• [What needs to be done]: Begin at the top of the following data. Copy each line exactly until you have copied the line containing "Answer yes or no. Yes. Is Dark Cyan the high".

• [Study material]:
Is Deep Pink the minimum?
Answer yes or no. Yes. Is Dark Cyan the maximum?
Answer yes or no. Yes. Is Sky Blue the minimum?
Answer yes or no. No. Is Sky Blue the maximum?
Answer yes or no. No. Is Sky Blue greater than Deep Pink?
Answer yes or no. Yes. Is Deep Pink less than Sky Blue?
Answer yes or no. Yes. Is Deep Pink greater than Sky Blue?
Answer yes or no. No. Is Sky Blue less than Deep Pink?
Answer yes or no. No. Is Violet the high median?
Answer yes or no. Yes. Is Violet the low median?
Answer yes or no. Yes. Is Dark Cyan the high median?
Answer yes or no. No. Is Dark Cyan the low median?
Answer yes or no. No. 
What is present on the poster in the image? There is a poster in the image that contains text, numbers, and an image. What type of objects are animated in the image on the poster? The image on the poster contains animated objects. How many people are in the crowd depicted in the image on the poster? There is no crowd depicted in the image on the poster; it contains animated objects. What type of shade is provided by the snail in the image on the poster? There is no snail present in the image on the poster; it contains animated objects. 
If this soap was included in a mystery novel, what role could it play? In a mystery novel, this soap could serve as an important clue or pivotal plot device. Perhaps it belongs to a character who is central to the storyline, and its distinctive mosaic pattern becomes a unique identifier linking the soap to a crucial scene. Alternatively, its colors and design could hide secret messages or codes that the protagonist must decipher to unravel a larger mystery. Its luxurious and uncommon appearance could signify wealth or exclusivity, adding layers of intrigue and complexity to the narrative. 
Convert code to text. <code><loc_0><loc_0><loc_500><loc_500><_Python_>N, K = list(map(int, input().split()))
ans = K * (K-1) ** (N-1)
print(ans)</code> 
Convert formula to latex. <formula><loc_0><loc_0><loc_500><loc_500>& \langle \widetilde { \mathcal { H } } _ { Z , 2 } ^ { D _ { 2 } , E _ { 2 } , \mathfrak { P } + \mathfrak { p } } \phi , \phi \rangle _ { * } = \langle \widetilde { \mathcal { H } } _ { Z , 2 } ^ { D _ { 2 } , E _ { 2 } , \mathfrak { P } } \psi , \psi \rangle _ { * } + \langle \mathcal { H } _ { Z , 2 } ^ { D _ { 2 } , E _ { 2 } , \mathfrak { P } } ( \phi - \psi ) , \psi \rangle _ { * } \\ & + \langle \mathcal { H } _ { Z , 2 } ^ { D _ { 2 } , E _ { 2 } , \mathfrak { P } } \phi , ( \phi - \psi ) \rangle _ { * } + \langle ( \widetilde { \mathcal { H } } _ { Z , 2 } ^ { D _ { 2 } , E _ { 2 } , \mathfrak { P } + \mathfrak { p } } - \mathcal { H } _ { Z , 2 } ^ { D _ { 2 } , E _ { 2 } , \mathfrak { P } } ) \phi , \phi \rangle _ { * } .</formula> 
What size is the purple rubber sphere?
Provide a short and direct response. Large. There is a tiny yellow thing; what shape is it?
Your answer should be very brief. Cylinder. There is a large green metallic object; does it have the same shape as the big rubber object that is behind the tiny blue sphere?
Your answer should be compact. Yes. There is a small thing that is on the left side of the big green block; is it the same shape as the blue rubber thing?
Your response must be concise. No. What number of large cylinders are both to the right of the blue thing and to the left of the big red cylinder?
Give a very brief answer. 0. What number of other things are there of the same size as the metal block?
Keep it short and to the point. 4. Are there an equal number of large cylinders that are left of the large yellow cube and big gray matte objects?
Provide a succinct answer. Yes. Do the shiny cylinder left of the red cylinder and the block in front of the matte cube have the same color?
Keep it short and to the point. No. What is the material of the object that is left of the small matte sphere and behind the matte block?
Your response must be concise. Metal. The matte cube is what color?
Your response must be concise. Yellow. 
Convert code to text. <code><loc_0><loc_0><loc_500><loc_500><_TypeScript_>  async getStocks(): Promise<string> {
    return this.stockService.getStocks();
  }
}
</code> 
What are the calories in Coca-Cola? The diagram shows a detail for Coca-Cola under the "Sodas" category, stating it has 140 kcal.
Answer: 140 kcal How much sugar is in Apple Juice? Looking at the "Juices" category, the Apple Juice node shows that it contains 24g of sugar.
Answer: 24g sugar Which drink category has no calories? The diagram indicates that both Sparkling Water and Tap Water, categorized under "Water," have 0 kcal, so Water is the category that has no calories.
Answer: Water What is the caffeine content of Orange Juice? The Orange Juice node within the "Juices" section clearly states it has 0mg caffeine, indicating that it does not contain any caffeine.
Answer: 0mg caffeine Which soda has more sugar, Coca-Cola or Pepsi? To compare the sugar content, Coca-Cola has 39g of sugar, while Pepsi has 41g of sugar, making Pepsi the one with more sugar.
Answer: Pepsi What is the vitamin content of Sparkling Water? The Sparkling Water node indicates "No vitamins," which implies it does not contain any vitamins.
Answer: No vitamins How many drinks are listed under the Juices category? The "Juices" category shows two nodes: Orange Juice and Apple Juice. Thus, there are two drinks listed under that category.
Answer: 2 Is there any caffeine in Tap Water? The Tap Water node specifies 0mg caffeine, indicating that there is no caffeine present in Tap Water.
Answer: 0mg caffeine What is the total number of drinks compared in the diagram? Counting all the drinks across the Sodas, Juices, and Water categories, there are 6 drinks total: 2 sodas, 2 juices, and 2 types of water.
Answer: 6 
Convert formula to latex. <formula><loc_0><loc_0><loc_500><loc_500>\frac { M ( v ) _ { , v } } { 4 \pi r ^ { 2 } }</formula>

• [Result for this task]:
Is Deep Pink the minimum?
Answer yes or no. Yes. Is Dark Cyan the maximum?
Answer yes or no. Yes. Is Sky Blue the minimum?
Answer yes or no. No. Is Sky Blue the maximum?
Answer yes or no. No. Is Sky Blue greater than Deep Pink?
Answer yes or no. Yes. Is Deep Pink less than Sky Blue?
Answer yes or no. Yes. Is Deep Pink greater than Sky Blue?
Answer yes or no. No. Is Sky Blue less than Deep Pink?
Answer yes or no. No. Is Violet the high median?
Answer yes or no. Yes. Is Violet the low median?
Answer yes or no. Yes. Is Dark Cyan the high median?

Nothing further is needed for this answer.